Writing may be a miracle, but it's also a muscle, and those four hours have always exhausted you. You train that humunculus to run from head to keyboard just like you'd train your arms to lift and legs to run, and just like lifting weights, you don't lift a novel all at once. You start by lifting sentences, just the burdensome work of making sentences, one after the other, weighing the sounds of words against each other until they come together in ways that sound a little bit musical. 

Not that your music is any better than your writing, but writing is less daunting. At least with writing, you know what to do with it: where to deposit it, where to preserve it, how to keep it in a readable, not particularly attractive archive on that off chance that, one day, someone will come upon this trove of gold plated aluminum and extract enough exorbitant dust from it to call this mediocrity a writer. 

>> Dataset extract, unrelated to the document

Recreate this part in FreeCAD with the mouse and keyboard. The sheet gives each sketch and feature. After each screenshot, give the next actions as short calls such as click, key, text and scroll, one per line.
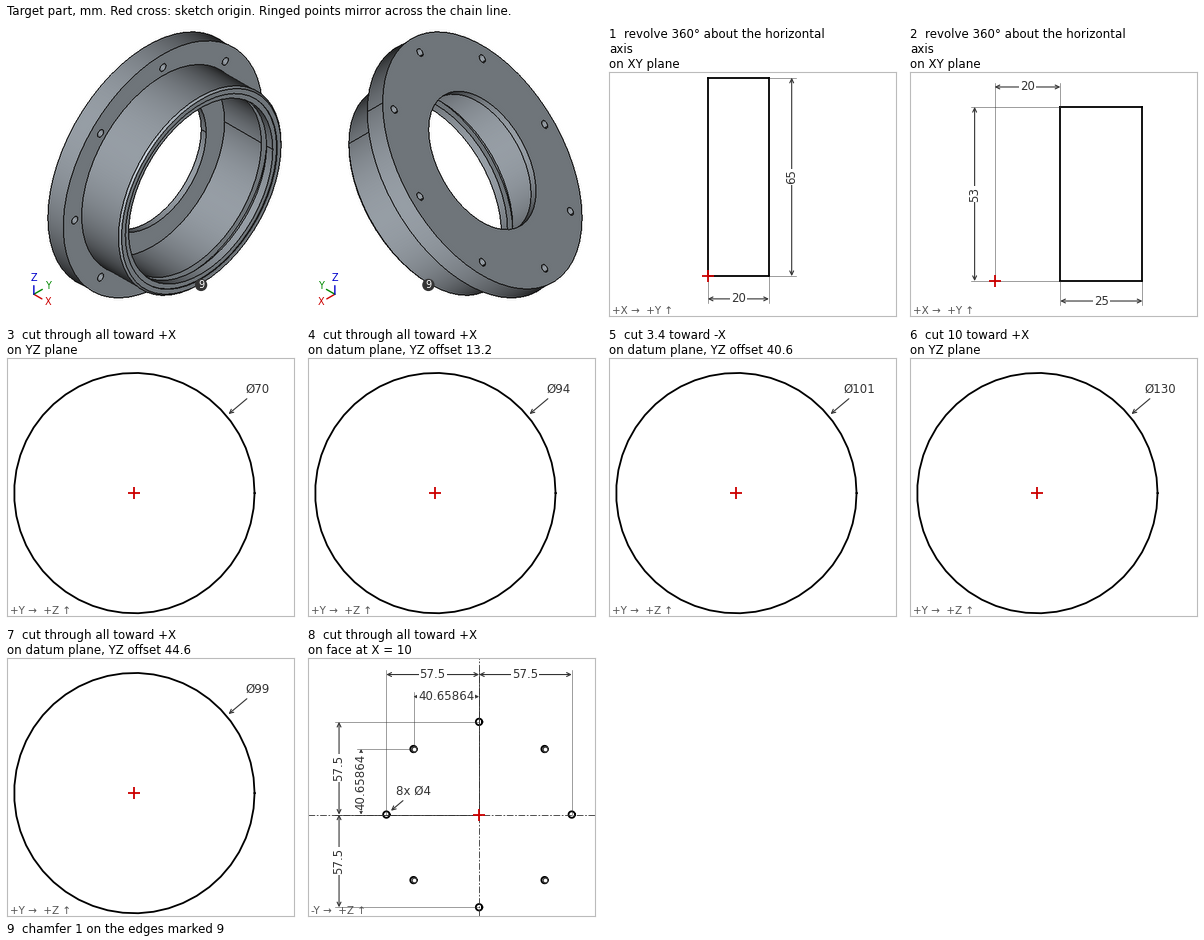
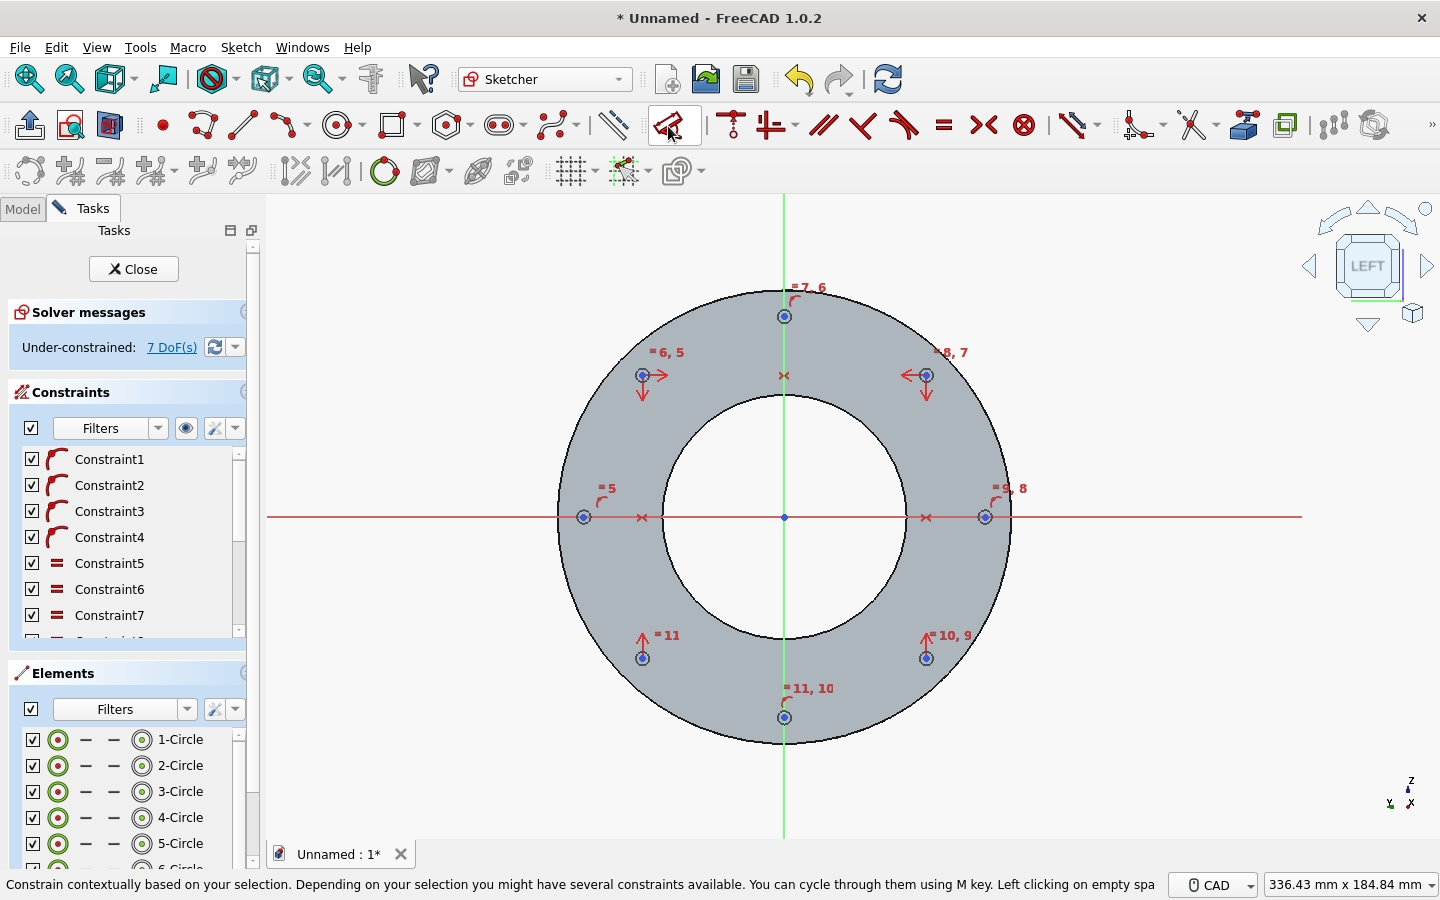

You've always chosen to hit that publish button at the first possible opportunity. It's the only way you could force yourself to keep writing. The pressure of a longer writing campaign was always too onerous. There were all those plans for novels, plays, popular histories, translations of parts of the Bible, anything that wouldn't top out around 4,000 words. You stare at the page. You stare at the screen. You stare at youtube, facebook, substack, the blogs, the times, the post, the guardian, drudge, arts and letters daily, and nothing comes. Oh the ideas most definitely come, but every reader who admires a writer knows the ability to endow thoughts with words is more elusive than they should be: it's only writers who sometimes forget it. 

You're not forgetting it right now. You're worried you'll never forget it again. 

How did you ever convince yourself to write all that shit? All those fauxp-eds, all that music writing, all those forays into other cultural and historical subjects that you told yourself you would learn much more methodically, even, god help you, political subjects, what inspired you do it? It wasn't like you got all that many writers. 

No, the point was that you were training. By lifting all that small shit, you told yourself you were getting ready for some larger work that meant more than just a piece of internet outrage of the day ephemera. You resolved writing as an every day practice back in 2011. It's now 2025. Where is the larger work? Literally nothing is stopping you from writing anything that isn't this shit nobody reads except that same homunculus, who apparently doesn't want to write anything more sustaining to the human essence than that equivalent to a tiny piece of bread. 

Maybe there's a separate homunculus in your head. A second one. A Homunculi? A Homuncules? A Homunculwo aching to get out and make his voice heard separate from the voice that has come to be known as Evan Tucker, or AC Charlap: a Buddy Love, a Ziggy Stardust, a Slim Shady, a Tony Clifton. 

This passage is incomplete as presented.